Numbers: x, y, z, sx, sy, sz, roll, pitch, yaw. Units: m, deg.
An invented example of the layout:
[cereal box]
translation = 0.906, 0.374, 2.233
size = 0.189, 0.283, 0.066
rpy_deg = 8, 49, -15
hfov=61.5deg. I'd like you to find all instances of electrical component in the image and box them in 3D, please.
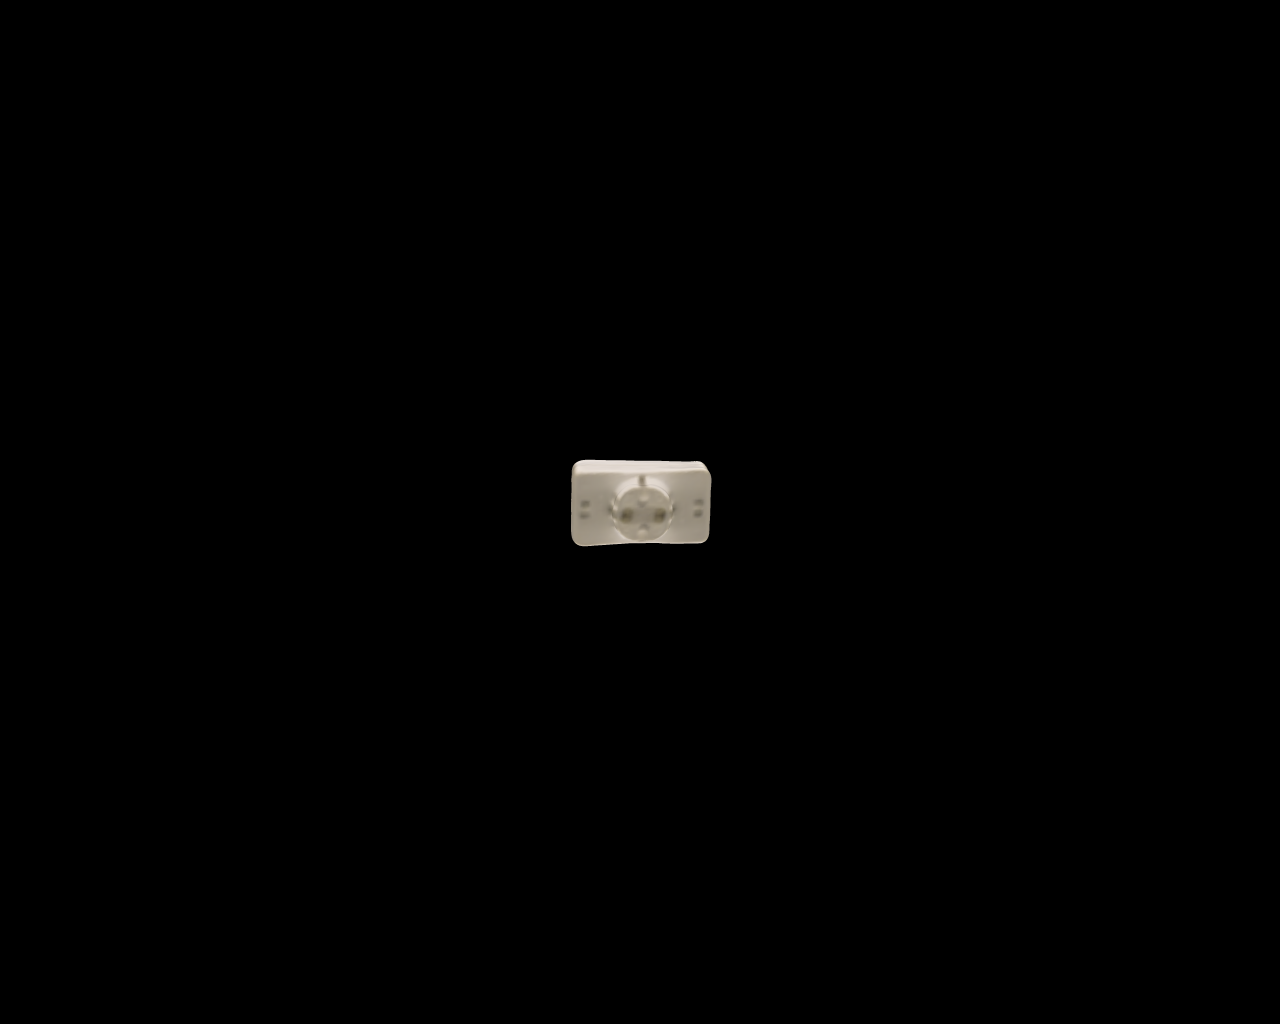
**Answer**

○ ○ ○ ○ ○

What is required: Apart from the pictures, every line above must be printed exactly.

Finished task:
Numbers: x, y, z, sx, sy, sz, roll, pitch, yaw. Units: m, deg.
An invented example of the layout:
[cereal box]
translation = 0.906, 0.374, 2.233
size = 0.189, 0.283, 0.066
rpy_deg = 8, 49, -15
hfov=61.5deg. I'd like you to find all instances of electrical component in the image and box them in 3D, please.
**Answer**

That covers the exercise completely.